* [EXERCISE DIRECTIONS] Please return each entry that follows exactly as given, but without pictures.

___

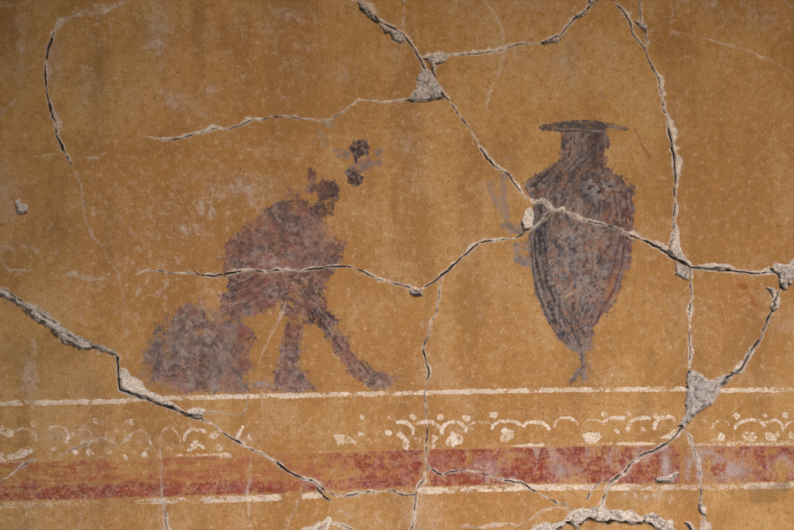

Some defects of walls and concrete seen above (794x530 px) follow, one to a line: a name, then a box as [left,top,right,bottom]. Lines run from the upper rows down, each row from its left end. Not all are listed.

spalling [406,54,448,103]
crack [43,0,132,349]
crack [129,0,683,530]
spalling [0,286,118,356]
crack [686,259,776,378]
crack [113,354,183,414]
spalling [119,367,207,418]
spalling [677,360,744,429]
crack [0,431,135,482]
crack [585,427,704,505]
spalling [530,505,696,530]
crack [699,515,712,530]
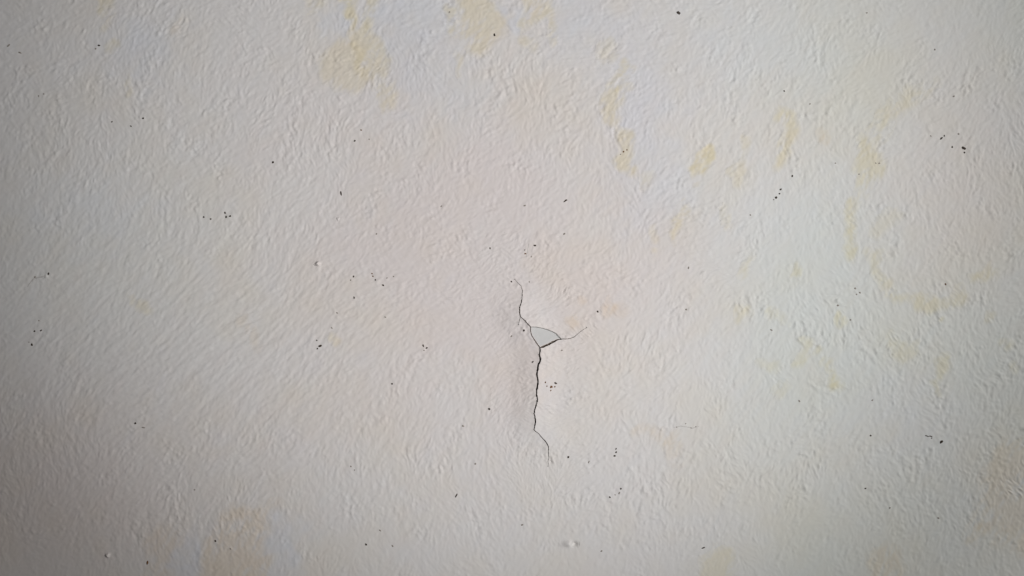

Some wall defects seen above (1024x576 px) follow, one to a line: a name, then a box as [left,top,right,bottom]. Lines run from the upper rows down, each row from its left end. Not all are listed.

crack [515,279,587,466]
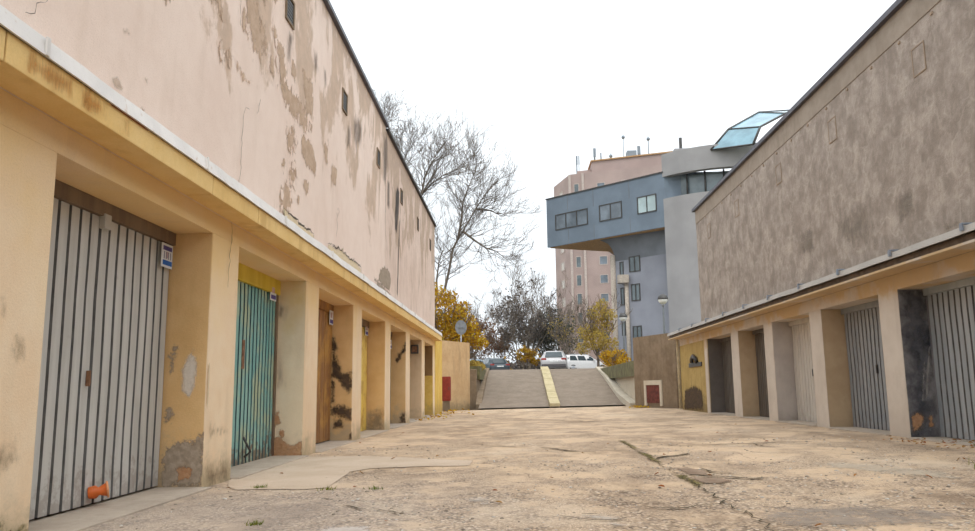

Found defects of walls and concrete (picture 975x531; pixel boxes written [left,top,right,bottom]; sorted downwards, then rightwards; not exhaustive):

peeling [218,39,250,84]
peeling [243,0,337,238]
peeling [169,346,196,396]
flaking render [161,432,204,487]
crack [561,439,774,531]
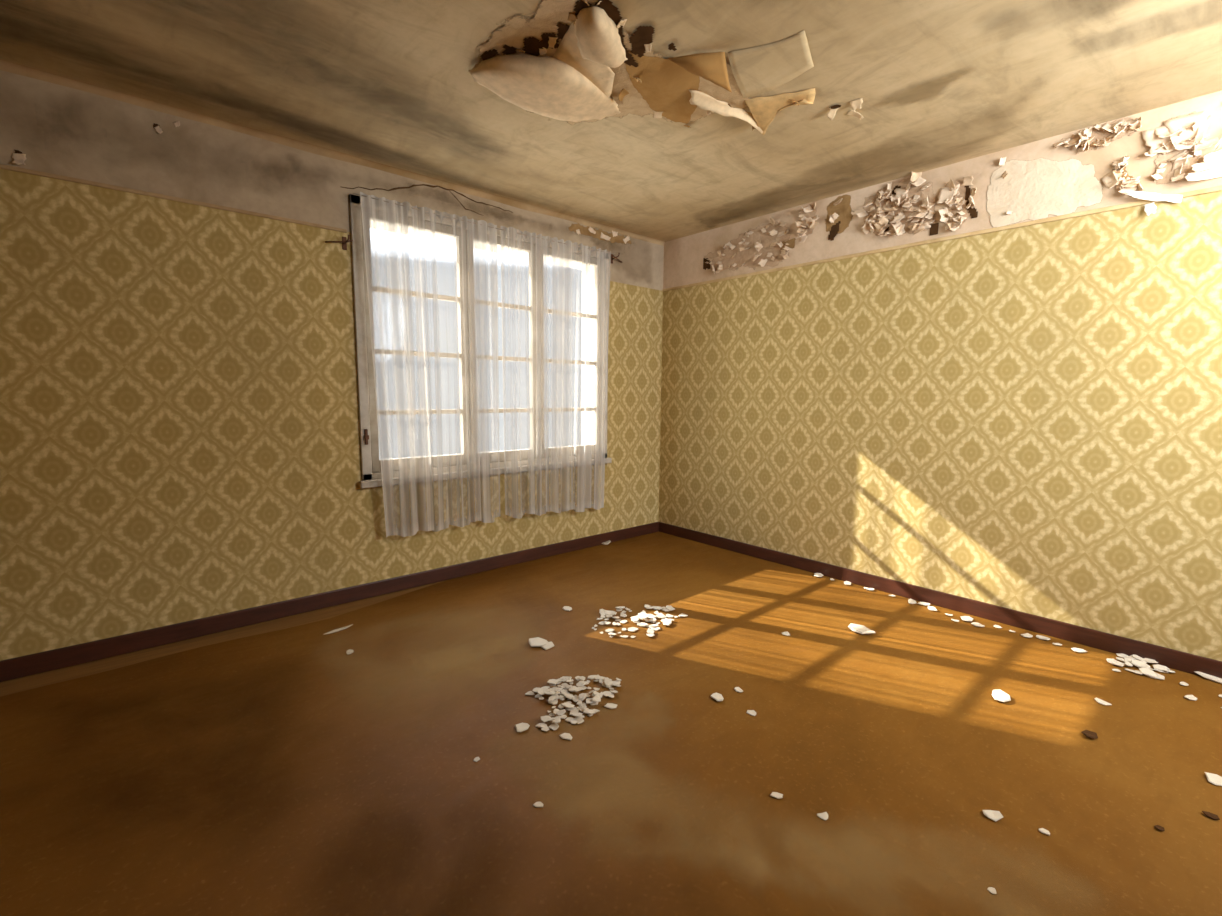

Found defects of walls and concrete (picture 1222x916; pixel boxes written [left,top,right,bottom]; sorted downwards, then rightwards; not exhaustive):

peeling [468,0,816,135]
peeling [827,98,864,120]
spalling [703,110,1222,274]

___

* [SOLUTION TO THIS PROBLEM]
Some defects of walls and concrete seen above (794x530 px) follow, one to a line: a name, then a box as [left,top,right,bottom]. Lines run from the upper rows down, each row from its left end. Not all are listed.

spalling [406,54,448,103]
crack [43,0,132,349]
crack [129,0,683,530]
spalling [0,286,118,356]
crack [686,259,776,378]
crack [113,354,183,414]
spalling [119,367,207,418]
spalling [677,360,744,429]
crack [0,431,135,482]
crack [585,427,704,505]
spalling [530,505,696,530]
crack [699,515,712,530]

Some wall defects seen above (1024x576 px) follow, one to a line: a name, then a box as [left,top,right,bottom]. Lines run from the upper rows down, each row from its left end. Not all are listed.

crack [515,279,587,466]

Found defects of walls and concrete (picture 975x531; pixel boxes written [left,top,right,bottom]; sorted downwards, then rightwards; not exhaustive):

peeling [218,39,250,84]
peeling [243,0,337,238]
peeling [169,346,196,396]
flaking render [161,432,204,487]
crack [561,439,774,531]

Found defects of walls and concrete (picture 1222x916; pixel boxes written [left,top,right,bottom]; sorted downwards, then rightwards; not exhaustive):

peeling [468,0,816,135]
peeling [827,98,864,120]
spalling [703,110,1222,274]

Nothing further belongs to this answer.